I think I also face this issue on larger scale trying to sync full archive node The pattern is that node imports blocks with a good pace for 10-15 minutes showing around 20-100 Mgas/sec After that block import slows down to roughly 1-2 blocks per 12 seconds showing around 1 Mgas/sec. This period goes on for roughly 30 minutes (it's around block 11M right now, might get even worse) then cycle repeats

I collected pprof CPU profile and during that slow period most time is spent on pebble.pickCompactionSeedFile() It's pretty annoying since it seems that neither disk nor CPU cores are fully utilized during this period, it seems that pebble does some work single-threadedly

In my case I wonder if there is any way to make compactions less aggressive?
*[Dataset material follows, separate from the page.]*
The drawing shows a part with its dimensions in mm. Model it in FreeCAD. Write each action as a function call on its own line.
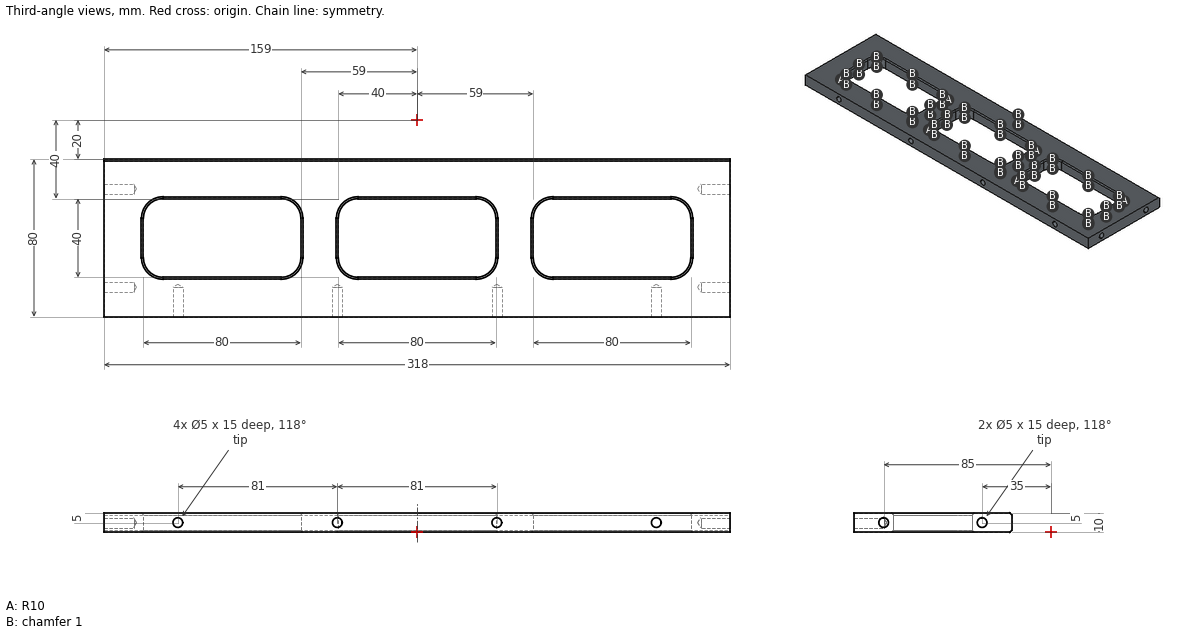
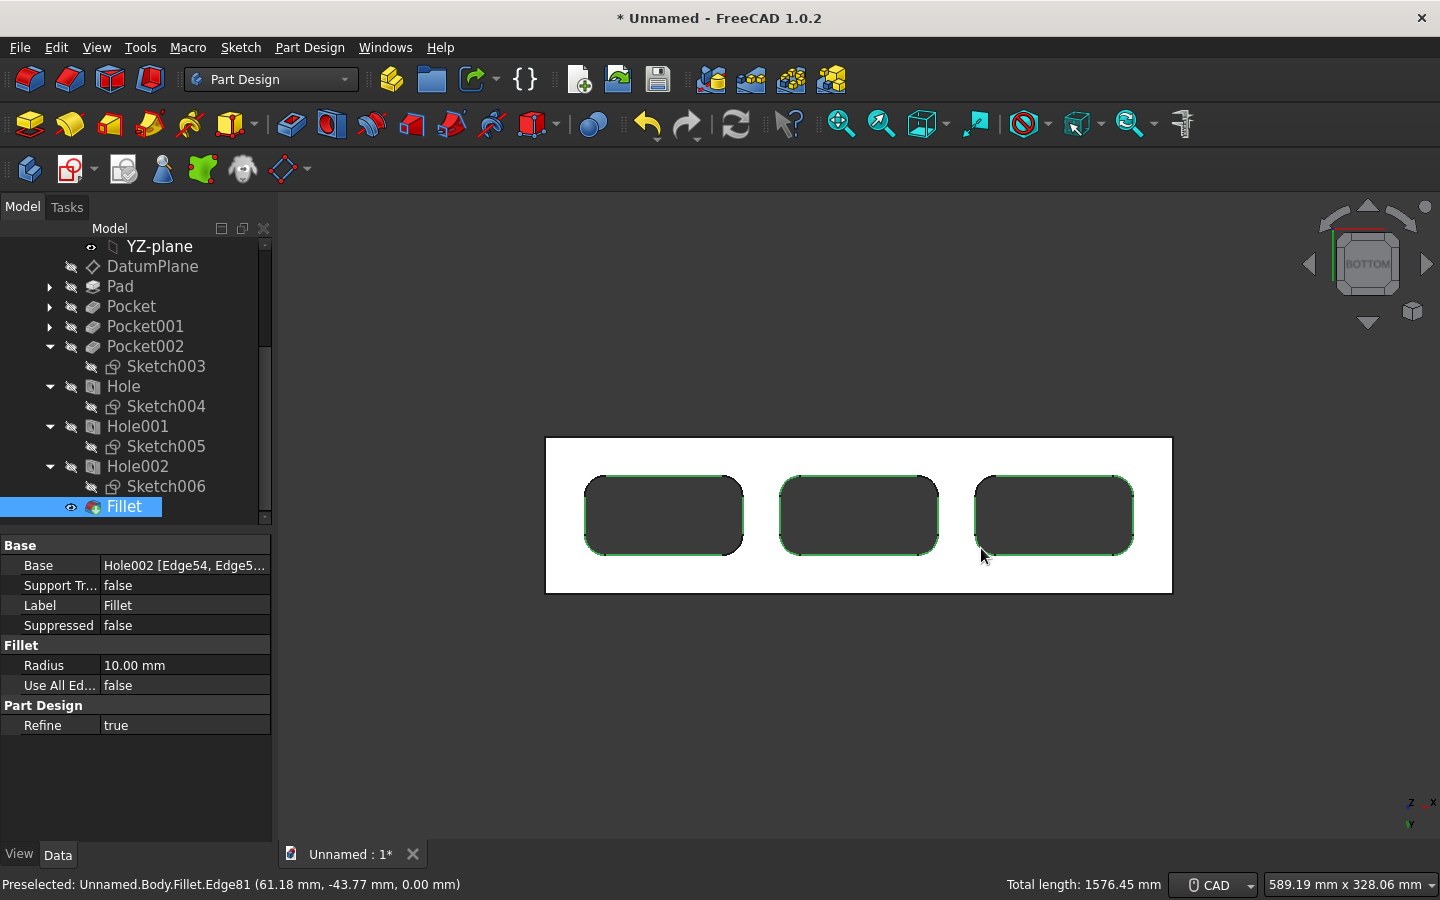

I'd rather sacrifice some disk space for non-compacted DB for longer time to achieve faster sync

Skird commented 1 month ago

Update for those facing the same issue

  1. Tried to run with DisableAutomaticCompactions: true set in pebble.Options. As expected, not a good idea, after ~1hr of work I face severe degradation, all db operations seem to hang. Alas I found no other more fine-grained compaction related options in pebble.
  2. But what I found to be actually heplful is manually compacting DB using geth db compact. It takes a few hours during which node is fully IO bound and after full compaction sync works without degradation (also almost IO bound + fair CPU load) for a longer time (about 24hr). I got stable ~100 Mgas/s and while node is not syncing during compaction overall it seems beneficial for faster sync. Not a viable solution if you want to track tip of the chain with minimal latency though
MariusVanDerWijden commented 1 month ago

There's not much we can do about performance degradation during compaction. Pebble has already much better compaction than LevelDB has, but there is a significant performance hit inherent in the operation (shuffling the data around on the disk). The thing thats curious to me is that the compaction seems to be single threaded which is weird since Pebble claims to have concurrent database compaction afair. cc @rjl493456442

Skird commented 1 month ago

Sharing typical pprof profile when pebble seems to be CPU bound in one thread. My experience is that background compaction is somehow less efficient than calling db.Compact(nil, nil) as geth db compact does as the latter utilizes much more CPU and IO. I understand that probably not much geth can do about it, just sharing some practically acquired knowledge for posterity :)

pprof.geth.samples.cpu.007.pb.gz